DATA UNDER STUDY Start Marker

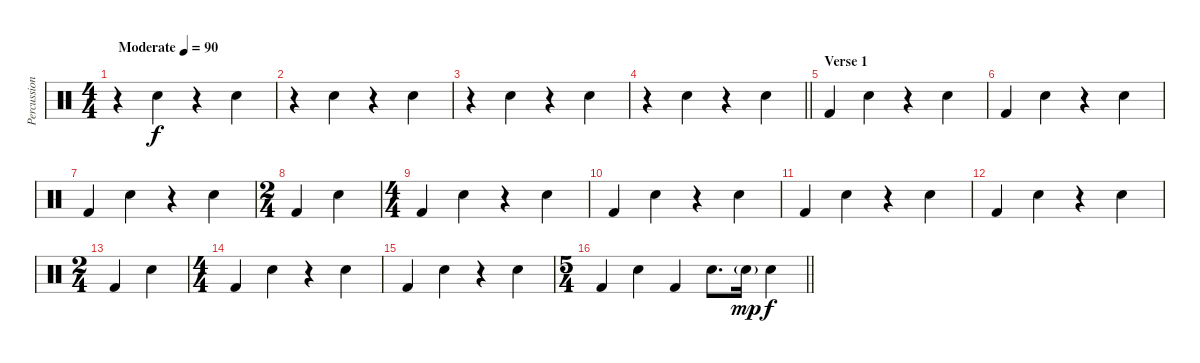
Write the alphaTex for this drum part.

\track ("Percussion" "Percussion") {instrument percussion}
\staff {score}
\articulation defaults
\ts (4 4)
\tempo (90 "Moderate")
\clef neutral
\ks c
r.4{dy f} "Snare (hit) 2".4 r.4 "Snare (hit) 2".4 |
r.4 "Snare (hit) 2".4 r.4 "Snare (hit) 2".4 |
r.4 "Snare (hit) 2".4 r.4 "Snare (hit) 2".4 |
\barLineRight lightlight
r.4 "Snare (hit) 2".4 r.4 "Snare (hit) 2".4 |
\section ("" "Verse 1")
"Kick (hit) 2".4 "Snare (hit) 2".4 r.4 "Snare (hit) 2".4 |
"Kick (hit) 2".4 "Snare (hit) 2".4 r.4 "Snare (hit) 2".4 |
"Kick (hit) 2".4 "Snare (hit) 2".4 r.4 "Snare (hit) 2".4 |
\ts (2 4)
"Kick (hit) 2".4 "Snare (hit) 2".4 |
\ts (4 4)
"Kick (hit) 2".4 "Snare (hit) 2".4 r.4 "Snare (hit) 2".4 |
"Kick (hit) 2".4 "Snare (hit) 2".4 r.4 "Snare (hit) 2".4 |
"Kick (hit) 2".4 "Snare (hit) 2".4 r.4 "Snare (hit) 2".4 |
"Kick (hit) 2".4 "Snare (hit) 2".4 r.4 "Snare (hit) 2".4 |
\ts (2 4)
"Kick (hit) 2".4 "Snare (hit) 2".4 |
\ts (4 4)
"Kick (hit) 2".4 "Snare (hit) 2".4 r.4 "Snare (hit) 2".4 |
"Kick (hit) 2".4 "Snare (hit) 2".4 r.4 "Snare (hit) 2".4 |
\ts (5 4)
\barLineRight lightlight "Kick (hit) 2".4 "Snare (hit) 2".4 "Kick (hit) 2".4 "Snare (hit) 2".8{d} "Snare (hit) 2"{g}.16{dy mp} "Snare (hit) 2".4{dy f}

DATA UNDER STUDY End Marker

▸ ASSIGNMENT
The copy you produce must repeat all the entries exactly and contain no pictures.

▸ TASK RESULT
Write the alphaTex for this drum part.

\track ("Percussion" "Percussion") {instrument percussion}
\staff {score}
\articulation defaults
\ts (4 4)
\tempo (90 "Moderate")
\clef neutral
\ks c
r.4{dy f} "Snare (hit) 2".4 r.4 "Snare (hit) 2".4 |
r.4 "Snare (hit) 2".4 r.4 "Snare (hit) 2".4 |
r.4 "Snare (hit) 2".4 r.4 "Snare (hit) 2".4 |
\barLineRight lightlight
r.4 "Snare (hit) 2".4 r.4 "Snare (hit) 2".4 |
\section ("" "Verse 1")
"Kick (hit) 2".4 "Snare (hit) 2".4 r.4 "Snare (hit) 2".4 |
"Kick (hit) 2".4 "Snare (hit) 2".4 r.4 "Snare (hit) 2".4 |
"Kick (hit) 2".4 "Snare (hit) 2".4 r.4 "Snare (hit) 2".4 |
\ts (2 4)
"Kick (hit) 2".4 "Snare (hit) 2".4 |
\ts (4 4)
"Kick (hit) 2".4 "Snare (hit) 2".4 r.4 "Snare (hit) 2".4 |
"Kick (hit) 2".4 "Snare (hit) 2".4 r.4 "Snare (hit) 2".4 |
"Kick (hit) 2".4 "Snare (hit) 2".4 r.4 "Snare (hit) 2".4 |
"Kick (hit) 2".4 "Snare (hit) 2".4 r.4 "Snare (hit) 2".4 |
\ts (2 4)
"Kick (hit) 2".4 "Snare (hit) 2".4 |
\ts (4 4)
"Kick (hit) 2".4 "Snare (hit) 2".4 r.4 "Snare (hit) 2".4 |
"Kick (hit) 2".4 "Snare (hit) 2".4 r.4 "Snare (hit) 2".4 |
\ts (5 4)
\barLineRight lightlight "Kick (hit) 2".4 "Snare (hit) 2".4 "Kick (hit) 2".4 "Snare (hit) 2".8{d} "Snare (hit) 2"{g}.16{dy mp} "Snare (hit) 2".4{dy f}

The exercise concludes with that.